[Source records]
:::
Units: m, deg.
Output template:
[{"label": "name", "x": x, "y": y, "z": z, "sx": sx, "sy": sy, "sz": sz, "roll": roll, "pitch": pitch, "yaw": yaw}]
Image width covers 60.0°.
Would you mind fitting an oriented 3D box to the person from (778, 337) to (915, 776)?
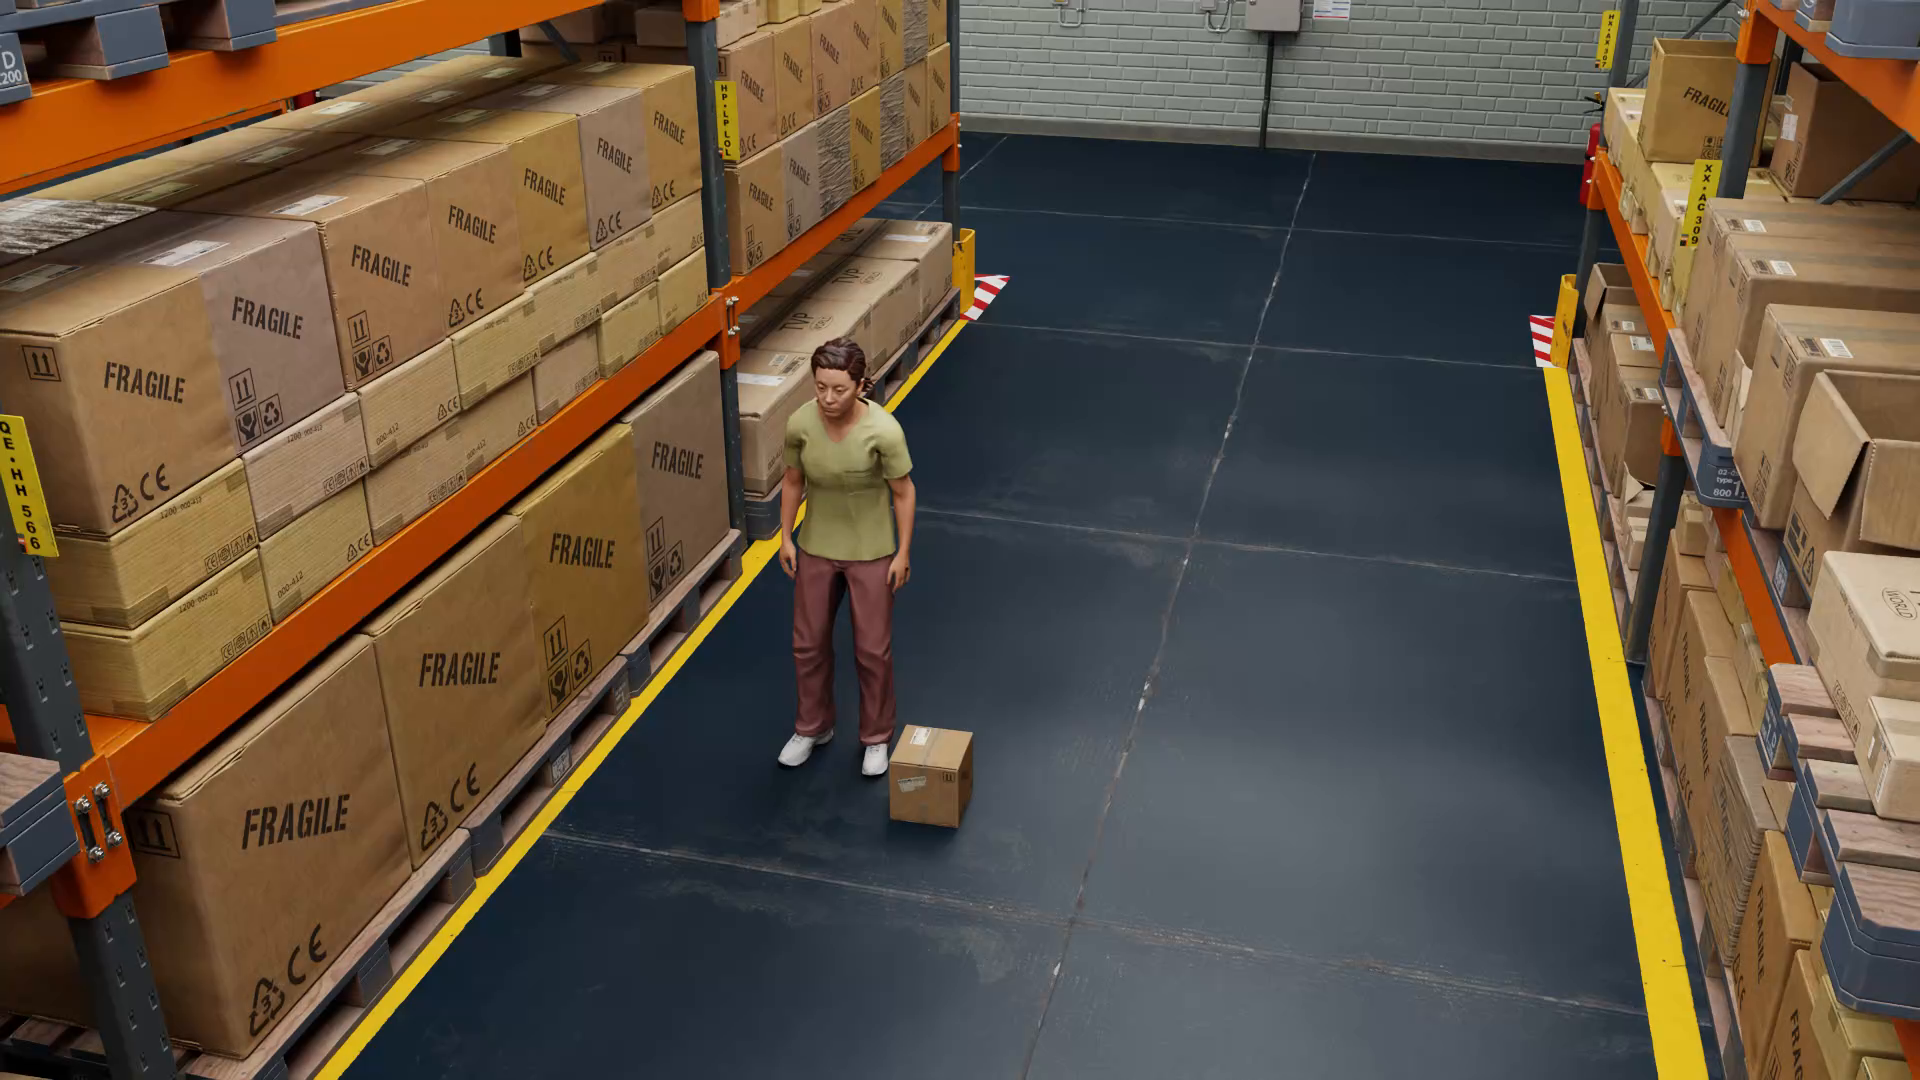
[{"label": "person", "x": -0.414, "y": 0.058, "z": 5.987, "sx": 0.499, "sy": 1.673, "sz": 0.354, "roll": 6, "pitch": 26, "yaw": 13}]
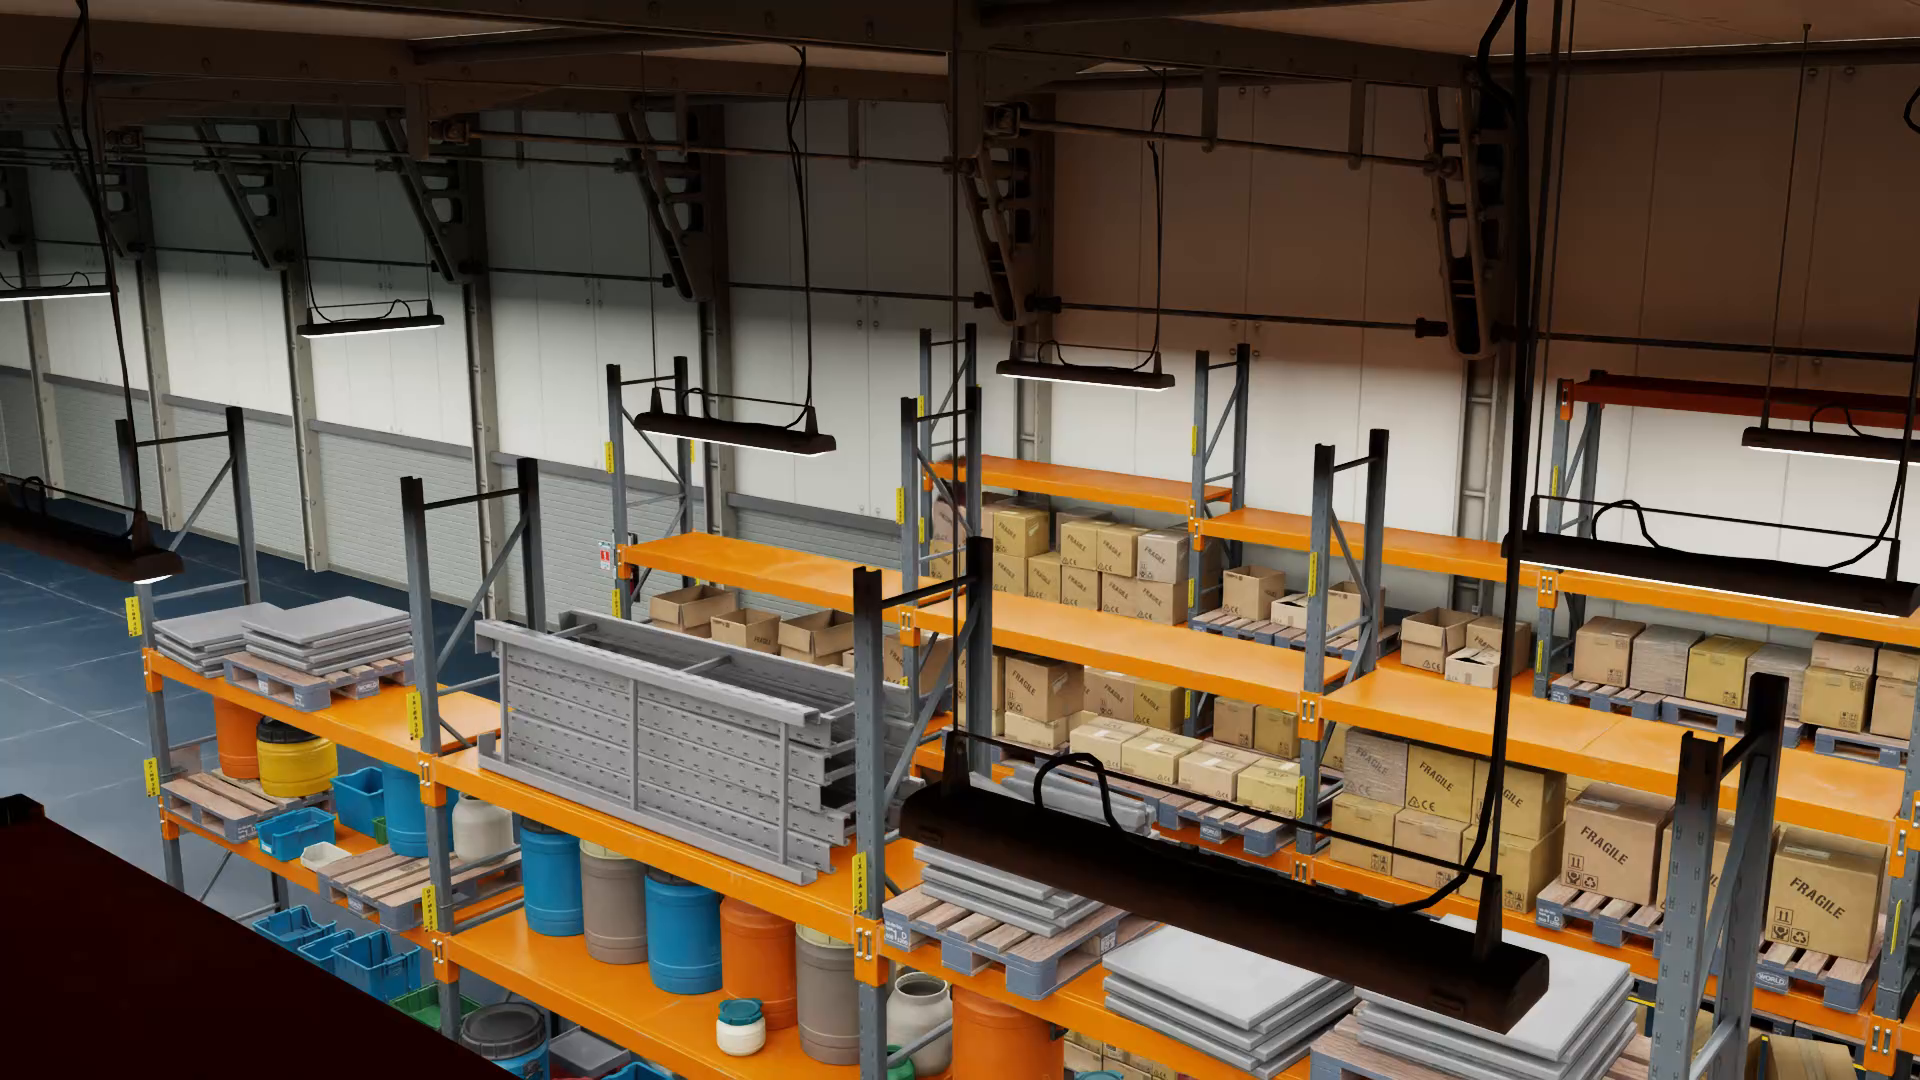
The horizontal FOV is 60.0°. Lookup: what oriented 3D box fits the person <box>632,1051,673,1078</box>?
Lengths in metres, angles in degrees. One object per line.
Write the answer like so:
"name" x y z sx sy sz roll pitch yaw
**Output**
:::
§ **Task brief**
Without the pictures, retype each line of the records above exactly.

§ **Answer below**
Units: m, deg.
Output template:
[{"label": "name", "x": x, "y": y, "z": z, "sx": sx, "sy": sy, "sz": sz, "roll": roll, "pitch": pitch, "yaw": yaw}]
Image width covers 60.0°.
Would you mind fitting an oriented 3D box to the person from (778, 337) to (915, 776)?
[{"label": "person", "x": -0.414, "y": 0.058, "z": 5.987, "sx": 0.499, "sy": 1.673, "sz": 0.354, "roll": 6, "pitch": 26, "yaw": 13}]
The horizontal FOV is 60.0°. Lookup: what oriented 3D box fits the person <box>632,1051,673,1078</box>?
Lengths in metres, angles in degrees. One object per line.
Write the answer like so:
"name" x y z sx sy sz roll pitch yaw
**Output**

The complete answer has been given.